Interestingly, whilst these are certainly eye watering numbers (£400bn is a lot of money in anyone’s book) most people aren’t too concerned in the short term. Because interest rates are so low, the Government are able to borrow this money at 0.39 percent per annum over a 10-year period on the Gilt Markets. There are even 3-year Government gilts at a negative interest rate. This is because the UK has been considered (and still is considered to be) a monetary sanctuary/safe haven for the last 20 years because of the country’s robust credit worthiness. Cheap money – yet it still needs paying back in the years to come and that can only be funded by taxpayers.
Ultimately, the Government will have to try to balance the books and that means increasing taxation. I know many will say there is waste in the NHS and MoD procurement, but that has already been squeezed quite hard during the Credit Crunch crisis and years of austerity. Some have suggested stopping the triple lock on pensions, which costs the Exchequer £6bn a year more than if pensions had risen at pre triple lock rates, so that isn’t going to make much of a dent in the debt. Some have suggested we could enter into a second wave of austerity, like we saw from 2010, yet neither the voters nor the wage frozen public sector would accept that. That leaves tax rises as the only option for leaders who claim to take a responsible long-term view of the economy.
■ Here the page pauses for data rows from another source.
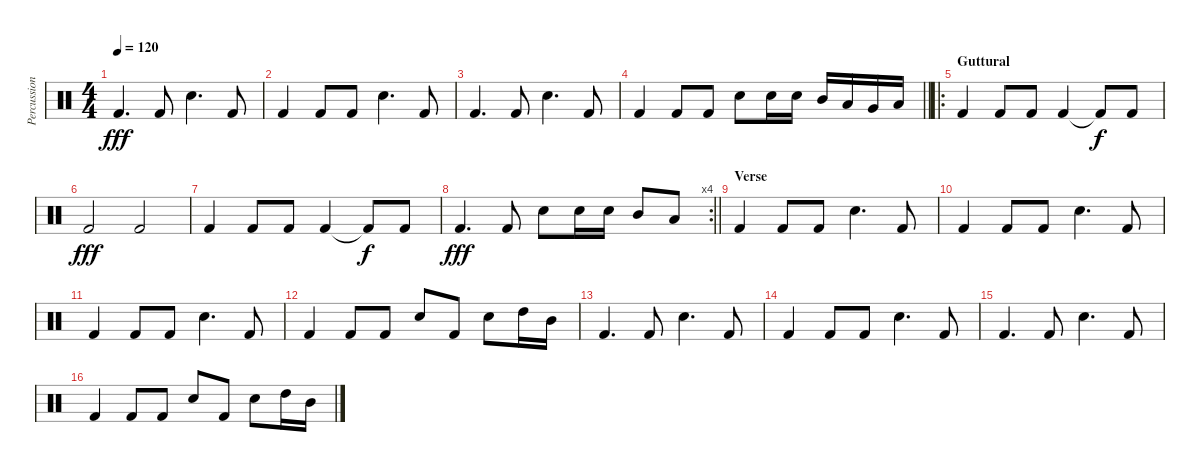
\track ("Percussion 1" "Percussion") {instrument percussion}
\staff {score}
\articulation defaults
\ts (4 4)
\tempo 120
\clef neutral
\ks c "Kick (hit) 2".4{d dy fff} "Kick (hit) 2".8 "Electric Snare (hit)".4{d} "Kick (hit) 2".8
|
"Kick (hit) 2".4 "Kick (hit) 2".8 "Kick (hit) 2".8 "Electric Snare (hit)".4{d} "Kick (hit) 2".8 |
"Kick (hit) 2".4{d} "Kick (hit) 2".8 "Electric Snare (hit)".4{d} "Kick (hit) 2".8 |
\barLineRight lightlight "Kick (hit) 2".4 "Kick (hit) 2".8 "Kick (hit) 2".8 "Electric Snare (hit)".8 "Electric Snare (hit)".16 "Electric Snare (hit)".16 "Mid Tom (hit)".16 "Low Tom (hit)".16 "Very Low Tom (hit)".16 "Low Floor Tom (hit)".16
|
\ro
\section ("" "Guttural")
"Kick (hit) 2".4 "Kick (hit) 2".8 "Kick (hit) 2".8 "Kick (hit) 2".4 "Kick (hit) 2"{t}.8{dy f} "Kick (hit) 2".8 |
"Kick (hit) 2".2{dy fff} "Kick (hit) 2".2 |
"Kick (hit) 2".4 "Kick (hit) 2".8 "Kick (hit) 2".8 "Kick (hit) 2".4 "Kick (hit) 2"{t}.8{dy f} "Kick (hit) 2".8 |
\rc 4
\barLineRight lightlight "Kick (hit) 2".4{d dy fff} "Kick (hit) 2".8 "Electric Snare (hit)".8 "Electric Snare (hit)".16 "Electric Snare (hit)".16 "Mid Tom (hit)".8 "Low Tom (hit)".8
|
\section ("" "Verse")
"Kick (hit) 2".4 "Kick (hit) 2".8 "Kick (hit) 2".8 "Electric Snare (hit)".4{d} "Kick (hit) 2".8 |
"Kick (hit) 2".4 "Kick (hit) 2".8 "Kick (hit) 2".8 "Electric Snare (hit)".4{d} "Kick (hit) 2".8 |
"Kick (hit) 2".4 "Kick (hit) 2".8 "Kick (hit) 2".8 "Electric Snare (hit)".4{d} "Kick (hit) 2".8 |
"Kick (hit) 2".4 "Kick (hit) 2".8 "Kick (hit) 2".8 "Electric Snare (hit)".8 "Kick (hit) 2".8 "Electric Snare (hit)".8 "High Tom (hit)".16 "Mid Tom (hit)".16 |
"Kick (hit) 2".4{d} "Kick (hit) 2".8 "Electric Snare (hit)".4{d} "Kick (hit) 2".8 |
"Kick (hit) 2".4 "Kick (hit) 2".8 "Kick (hit) 2".8 "Electric Snare (hit)".4{d} "Kick (hit) 2".8 |
"Kick (hit) 2".4{d} "Kick (hit) 2".8 "Electric Snare (hit)".4{d} "Kick (hit) 2".8 |
"Kick (hit) 2".4 "Kick (hit) 2".8 "Kick (hit) 2".8 "Electric Snare (hit)".8 "Kick (hit) 2".8 "Electric Snare (hit)".8 "High Tom (hit)".16 "Mid Tom (hit)".16

The Government could raise tax on spending with VAT increases, but they did that in 2011 when it rose to 20% (from 17.5%). Also, increases in VAT affect the poor more than the rich. Then they could raise it from earnings (Corporation Tax, Income Tax and National Insurance) yet it’s been proved raising these ‘earning taxes’ ends up being counter-productive to the economy, resulting in tax receipts going down (even though the tax rate went up). Both are unsatisfactory, not least because big rises end up being unfair to someone.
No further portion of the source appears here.